# Enumerating all set covers when knowing one set at least

I have an index taking as keys values from the power set $P(S)$ of a set $S$, except for $\emptyset$ and $S$.

Then I have a query $Q=(s, k)$, where $s \in P(S) - \{\emptyset \cup S\}$ and $1 < k \le |S|$.

The result of the query is the set of covers $R$ of $S$; $\forall r \in R, |r| \le k$.

So for instance, if $S = \{a, b, c, d\}$ and $Q=( \{a,b\}, 3 )$, $R$ should return all covers of $S$ formed by $\{a, b\}$ and $k = (3 - 1 = ) 2$ or less other subsets of $P(S) - \{\emptyset \cup S\}$, namely: $R = \{$ $$\{a,b\} , \{c\} , \{d\}$$ $$\{a,b\} , \{c, d\}$$ $$\{a,b\} , \{a, c, d\}$$ $$\{a,b\} , \{b, c, d\}$$ $\}$

I want to know if there is an efficient algorithm that can give me all of these combinations of covers.
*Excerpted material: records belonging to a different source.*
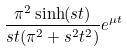Convert formula to latex. <formula><loc_0><loc_0><loc_500><loc_500>\frac { \pi ^ { 2 } \sinh ( s t ) } { s t ( \pi ^ { 2 } + s ^ { 2 } t ^ { 2 } ) } e ^ { \mu t }</formula> 
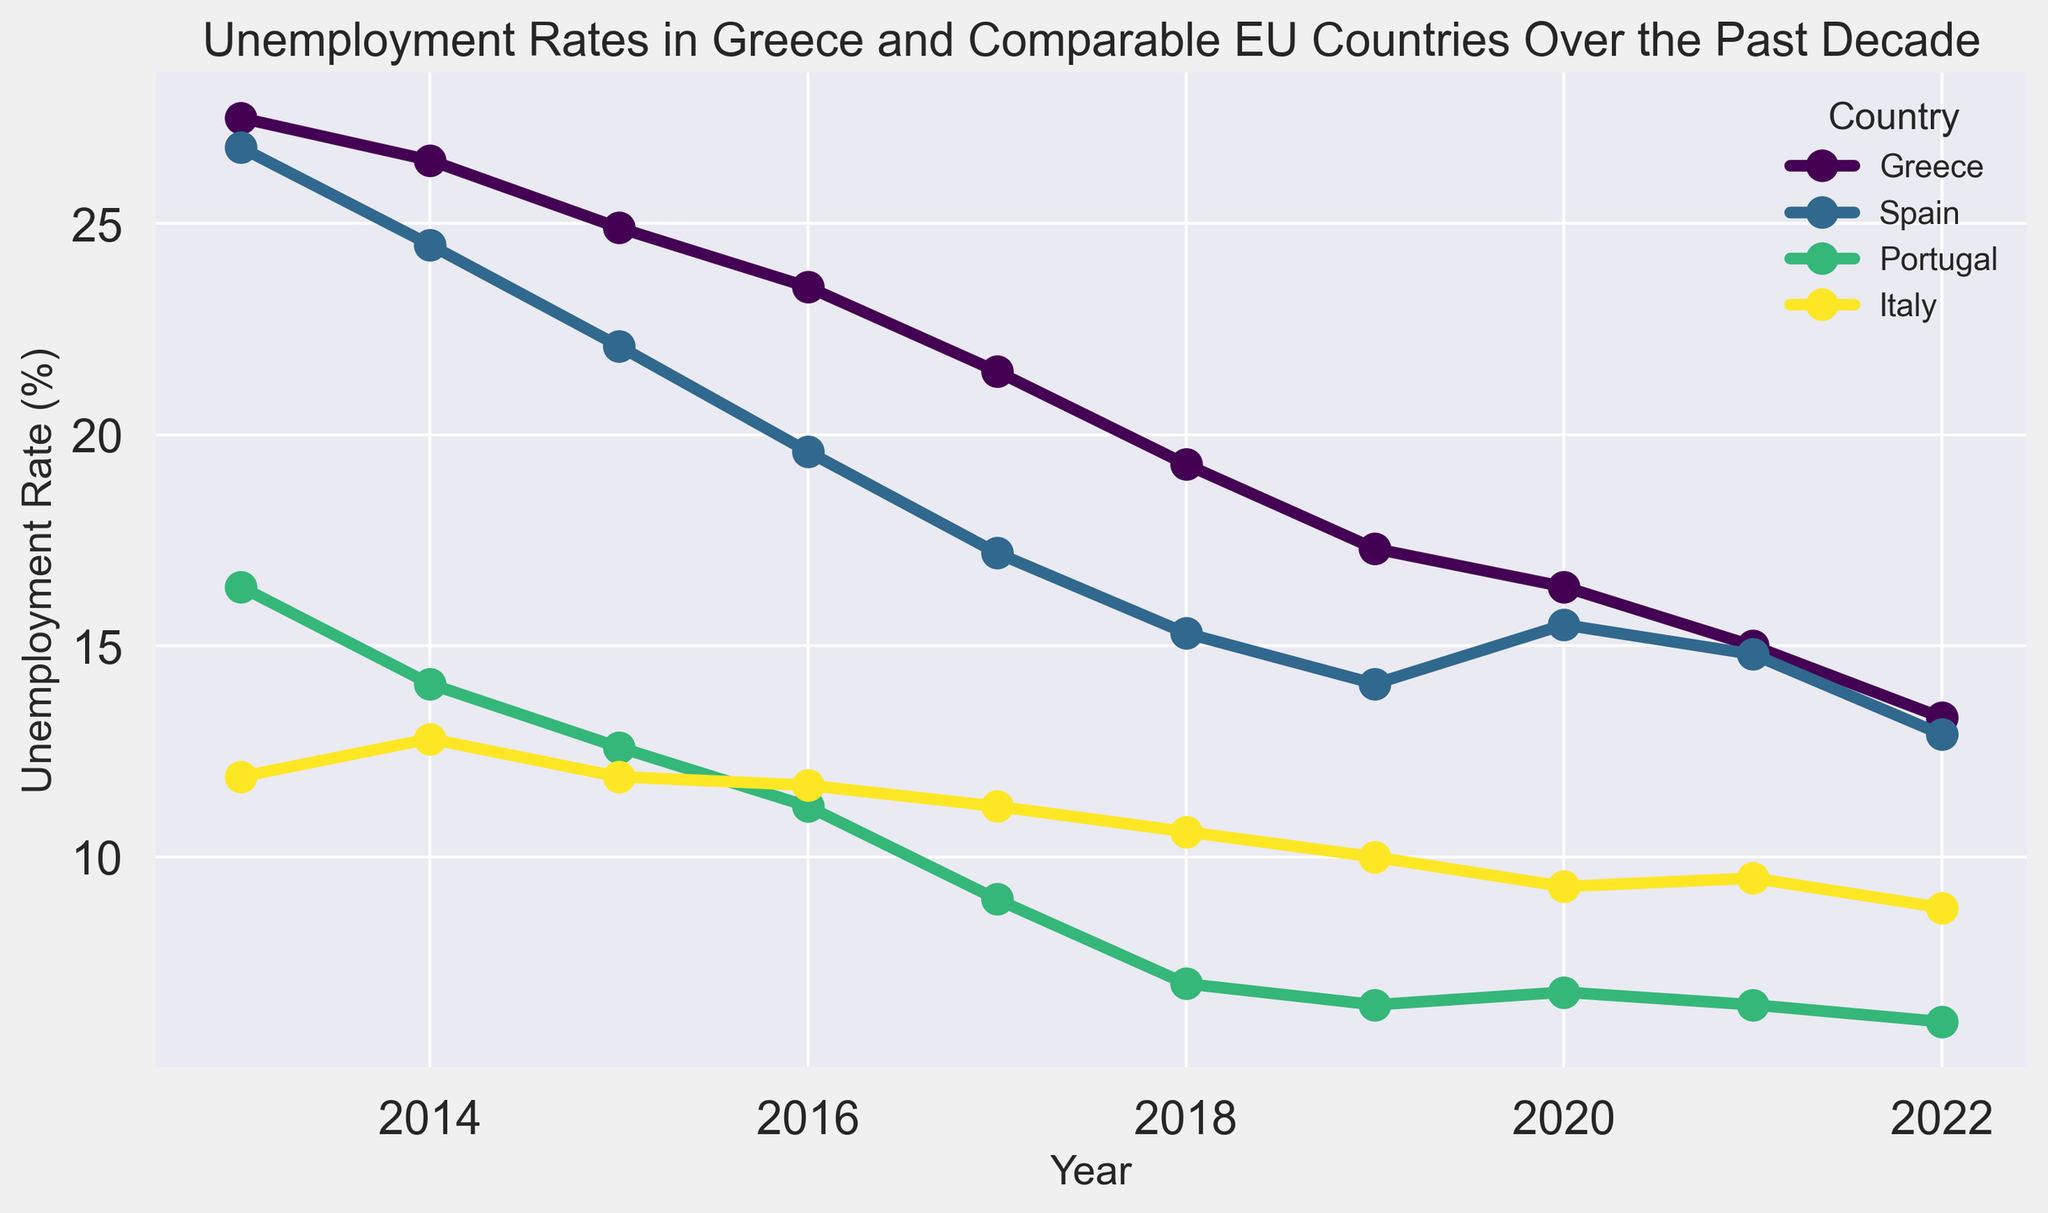What was the unemployment rate in Greece in 2013? Simply find the data point for Greece in the year 2013 on the graph.
Answer: 27.5% Which country had the highest unemployment rate in 2018 and what was it? Examine the plot for the year 2018 and identify which line reaches the highest point. That's Greece. The highest point on the Greece line represents the maximum unemployment rate.
Answer: Greece, 19.3% Did the unemployment rate in Spain decrease more significantly than in Greece between 2013 and 2022? Compare the difference in unemployment rates over the years for both countries. For Greece, subtract the 2022 value from the 2013 value (27.5 - 13.3 = 14.2). For Spain, do the same subtraction (26.8 - 12.9 = 13.9). Comparing these differences shows that Greece had a greater decrease.
Answer: No Compare the unemployment rate trends in Portugal and Italy. Which country showed a more consistent decrease over the decade? Evaluate the visual trend of the lines for Portugal and Italy from 2013 to 2022. Portugal shows a smoother and more consistent decline, whereas Italy has smaller and relatively more fluctuating decreases.
Answer: Portugal Which year did Greece experience the largest year-over-year decrease in unemployment rate, and what was the decrease? Inspect the plot and calculate the year-over-year changes for Greece. The largest drop is observed between 2021 (15.0%) and 2022 (13.3%). This results in a decrease of 1.7 percentage points.
Answer: 2022, 1.7% How did the unemployment rate in Italy change from 2014 to 2015? Locate the points on the graph for Italy in the years 2014 and 2015 to find their values (12.8% and 11.9%). Subtract to find the difference (12.8 - 11.9 = 0.9%).
Answer: Decreased by 0.9% Which country had the lowest unemployment rate in 2022 and what was it? Check the unemployment rates for each country in 2022. Portugal's line reaches the lowest point in this year.
Answer: Portugal, 6.1% Considering the entire period from 2013 to 2022, by how many percentage points did the unemployment rate in Greece decrease? Subtract the unemployment rate for Greece in 2022 from its rate in 2013 (27.5 - 13.3 = 14.2).
Answer: 14.2 percentage points

In other words, I want to know if there is an efficient way to get all covers formed by at most $k$ elements, where I only know 1 element out of k.
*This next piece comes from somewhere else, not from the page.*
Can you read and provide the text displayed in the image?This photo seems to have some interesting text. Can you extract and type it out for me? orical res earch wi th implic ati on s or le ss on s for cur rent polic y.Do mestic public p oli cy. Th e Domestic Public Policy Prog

• There are others such as $\{a,b\},\{a,c\},\{d\}$, indeed $15$ others. Sep 18 '13 at 19:18

The first step is to eliminate the known set $s$. The idea is to find all covers of $S \setminus s$ using at most $k-1$ sets, and then augment the solution by adding all subsets of $s$ to all sets in any given cover in all possible ways. Details omitted.
For the new problem, it is enough to find all covers of $S$ of size exactly $k$ which don't use $S$ or $\emptyset$. In fact, we can ignore these restrictions, and just drop the (relatively) few solutions using these sets. We will generate them ordered, incurring a factor of $k!$ in efficiency; I'm sure that can be avoided, but I'll leave the details for you. Consider the sets $S_1,\ldots,S_k$ in order, and suppose that they cover $a_1,\ldots,a_k$ "new" elements, that is $|S_1| = a_1$, $|S_2 \setminus S_1| = a_2$ and so on. Then $a_1 + \cdots + a_k = |S|$, and we can enumerate over all such sequences (including zeroes). For each sequence, we can enumerate over the new elements themselves. Finally, we enumerate over all possible ways of adding "old" elements to sets, for example $S_3$ could additionally to $a_3$ new elements contain any subset of $S_1 \cup S_2$.